Министр, посетивший гимназию, приказал вынести из учительской портрет Белинского; этим, судя по всему, можно было бы и ограничиться. Но затем из городской библиотеки были изъяты комплекты «Современника», «Отечественных записок» и «Русского слова», роман Герцена «Кто виноват?», все издания сочинений Белинского, и тут уже определенно чувствовался «местный колорит», то чрезмерное воодушевление, с каким провинция, пошли ее Богу молиться, расшибала от усердия лоб.
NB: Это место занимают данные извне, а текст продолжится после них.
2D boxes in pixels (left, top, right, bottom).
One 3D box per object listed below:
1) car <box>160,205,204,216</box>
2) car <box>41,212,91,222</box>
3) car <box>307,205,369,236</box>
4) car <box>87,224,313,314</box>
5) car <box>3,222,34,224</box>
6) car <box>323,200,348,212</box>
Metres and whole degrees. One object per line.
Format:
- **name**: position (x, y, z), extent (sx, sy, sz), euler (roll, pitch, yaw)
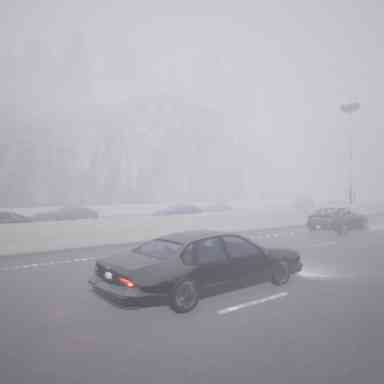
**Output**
- **car**: position (-1.175, 1.793, 29.836), extent (5.008, 1.535, 1.882), euler (0, -1, -41)
- **car**: position (-10.103, 1.831, 27.075), extent (5.008, 1.535, 1.882), euler (0, -1, -38)
- **car**: position (8.516, 1.628, 19.258), extent (4.902, 1.511, 2.128), euler (0, -1, -42)
- **car**: position (0.377, 1.629, 7.860), extent (5.357, 1.411, 2.033), euler (0, -1, -39)
- **car**: position (-11.033, 1.770, 17.673), extent (4.892, 1.490, 1.837), euler (0, -1, -36)
- **car**: position (19.771, 1.846, 45.682), extent (1.812, 1.442, 4.674), euler (-1, -1, 42)
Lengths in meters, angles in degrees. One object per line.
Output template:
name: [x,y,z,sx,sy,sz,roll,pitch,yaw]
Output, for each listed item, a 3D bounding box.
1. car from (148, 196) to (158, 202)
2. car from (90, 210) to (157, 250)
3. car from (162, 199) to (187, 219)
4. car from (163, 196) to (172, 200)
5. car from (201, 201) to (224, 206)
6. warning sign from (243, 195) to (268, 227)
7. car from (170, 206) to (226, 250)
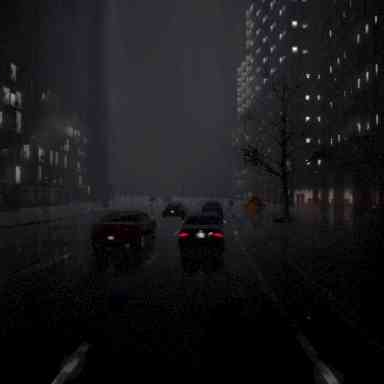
car: [-8.825,1.582,75.252,1.994,1.385,4.181,0,0,-6]
car: [-2.762,1.495,14.447,1.882,1.535,5.008,0,0,4]
car: [-1.443,1.593,29.370,1.994,1.385,4.181,0,0,4]
car: [-5.603,1.559,75.683,2.128,1.511,4.902,0,0,-6]
car: [1.797,1.501,29.116,1.882,1.535,5.008,0,0,4]
warning sign: [3.776,1.118,19.944,1.300,1.860,1.060,-1,-1,5]
car: [0.482,1.569,14.232,2.033,1.411,5.357,0,0,4]
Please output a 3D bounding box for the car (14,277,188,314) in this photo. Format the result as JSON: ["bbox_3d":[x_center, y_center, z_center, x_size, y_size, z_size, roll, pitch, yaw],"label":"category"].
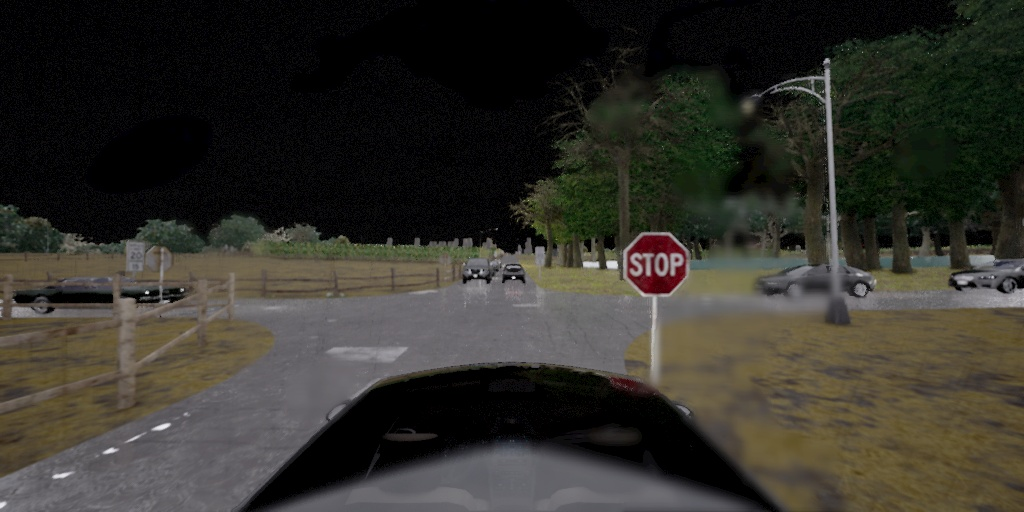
[{"bbox_3d":[-15.458,1.451,13.738,4.718,1.301,1.895,0,-2,-2],"label":"car"}]

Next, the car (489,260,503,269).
[{"bbox_3d":[-2.717,1.431,61.548,2.128,1.511,4.902,0,0,1],"label":"car"}]

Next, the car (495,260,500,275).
[{"bbox_3d":[-2.794,1.461,39.779,2.128,1.511,4.902,0,0,0],"label":"car"}]

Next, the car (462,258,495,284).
[{"bbox_3d":[-2.789,1.166,29.732,2.150,2.045,5.566,0,0,-1],"label":"car"}]

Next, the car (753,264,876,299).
[{"bbox_3d":[13.949,1.161,16.704,4.892,1.490,1.837,-1,-2,0],"label":"car"}]

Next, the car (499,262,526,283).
[{"bbox_3d":[0.131,1.454,30.666,1.837,1.490,4.892,0,0,0],"label":"car"}]

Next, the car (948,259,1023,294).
[{"bbox_3d":[23.436,0.905,16.726,4.902,1.511,2.128,-2,-2,0],"label":"car"}]
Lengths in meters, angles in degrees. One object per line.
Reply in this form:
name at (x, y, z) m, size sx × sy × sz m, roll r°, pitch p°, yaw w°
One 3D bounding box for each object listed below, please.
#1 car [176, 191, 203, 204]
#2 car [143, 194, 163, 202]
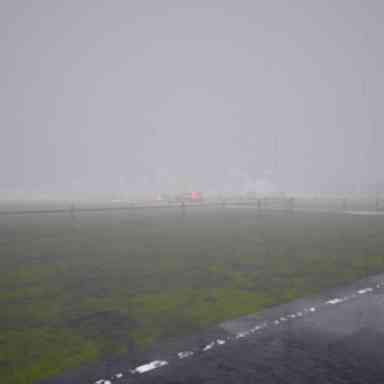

Естествознание исключалось из гимназических программ, а таганрогское начальство и вовсе искореняло всякое естествознание. В цензурном деле газеты «Азовский вестник» отмечена статья «О лекциях в зале гимназии вообще и о лекциях г. Каменского в особенности», в ко торой подчеркнуто такое крамольное место: «В передовой русской литературе уже давно решен вопрос о пользе естествознания; лучшие представители русской интеллигенции в лице Писарева, Шелгунова… долго боролись со своими великими и малыми консерваторами за право гражданственности естествознания как науки общеполезной… по как горько и печально думать, что все силы лучших людей, все прекрасные сочинения, написанные по этому поводу, пропали совершенно даром для нашей провинции; то, что для столицы избитая истина, пропаганда которой считается отсталостью, для нас считается… чуть ли не китайской грамотой».